Our objective is to develop new methods for analysis of brain MRIs to gain a better understanding of multiple sclerosis (MS). MS is an autoimmune disease that affects the brain and spinal cord and causes progressive disability. Brain MRIs show regions that have been damaged by MS inflammatory attacks. Neurologists often use MRI to help with diagnosis, to assess disease progression, and to decide whether specific therapies are working. However, standard MRIs are difficult to interpret because there are several different types of tissue damage that all appear the same, plus there are some types of tissue damage that cannot be seen at all.
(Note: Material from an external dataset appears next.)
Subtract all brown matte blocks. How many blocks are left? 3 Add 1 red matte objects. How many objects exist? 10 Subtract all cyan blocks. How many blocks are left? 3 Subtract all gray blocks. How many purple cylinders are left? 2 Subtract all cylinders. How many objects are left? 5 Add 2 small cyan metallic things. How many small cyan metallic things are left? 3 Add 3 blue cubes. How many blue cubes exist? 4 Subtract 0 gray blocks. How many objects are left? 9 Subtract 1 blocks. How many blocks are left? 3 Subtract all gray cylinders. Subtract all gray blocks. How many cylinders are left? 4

One example is tissue loss, or brain atrophy, which happens too slowly to be seen by eye, so specialized image analysis software is needed to measure it. Another example is that although MS affects both tissue types, white matter and gray matter, only white matter lesions can be seen on standard MRIs. Current methods only provide a partial picture of MS. Therefore, we are interested in developing techniques to distinguish and quantify the different MS pathologic processes, to accurately measure small changes over time, and to assess damage in gray matter as well as in white matter. These new tools will not only help us understand MS better, but they can help the doctors make treatment decisions with their patients and they can help pharmaceutical companies determine if new drugs are effective.
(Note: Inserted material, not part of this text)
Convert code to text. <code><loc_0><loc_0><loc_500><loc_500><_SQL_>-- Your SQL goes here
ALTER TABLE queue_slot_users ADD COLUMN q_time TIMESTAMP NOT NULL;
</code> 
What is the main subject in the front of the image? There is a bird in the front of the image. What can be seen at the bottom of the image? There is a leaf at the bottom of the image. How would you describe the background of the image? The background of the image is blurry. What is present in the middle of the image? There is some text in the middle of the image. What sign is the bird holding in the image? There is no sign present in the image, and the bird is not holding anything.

Fisher E, Lee J-C, Nakamura K, Rudick R. Gray matter atrophy in multiple sclerosis: a longitudinal study. Annals of Neurology 64:255-265. 2008.
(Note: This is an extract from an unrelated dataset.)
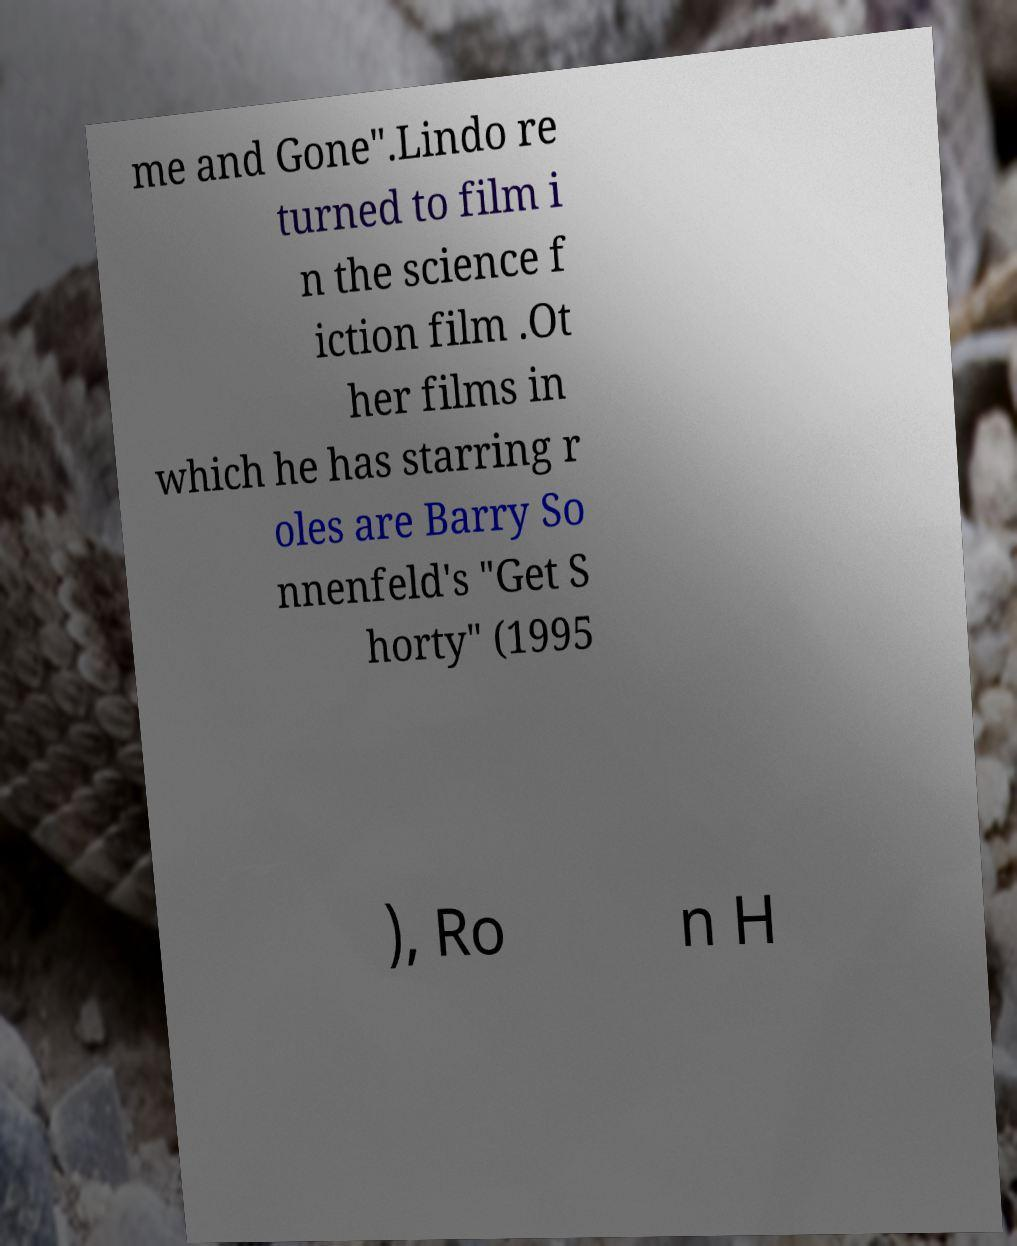There's text embedded in this image that I need extracted. Can you transcribe it verbatim? me and Gone".Lindo re turned to film i n the science f iction film .Ot her films in which he has starring r oles are Barry So nnenfeld's "Get S horty" (1995 ), Ro n H

Rudick RA, Lee JC, Fisher E. Gray matter atrophy and disability in multiple sclerosis. Journal of Neurological Sciences 282:106-111, 2009.
Nakamura K, Fox RJ, Fisher E. CLADA: Cortical Longitudinal Atrophy Detection Algorithm. NeuroImage 54(1):278-89. 2011.
Moll NM, Rietsch AM, Thomas S, Ransohoff AJ, Lee JC, Chang A, Fox RJ, Ransohoff RM, Fisher E. Multiple Sclerosis Normal-Appearing White Matter: Pathology-Imaging Correlations. Ann Neurol (in press) 2011.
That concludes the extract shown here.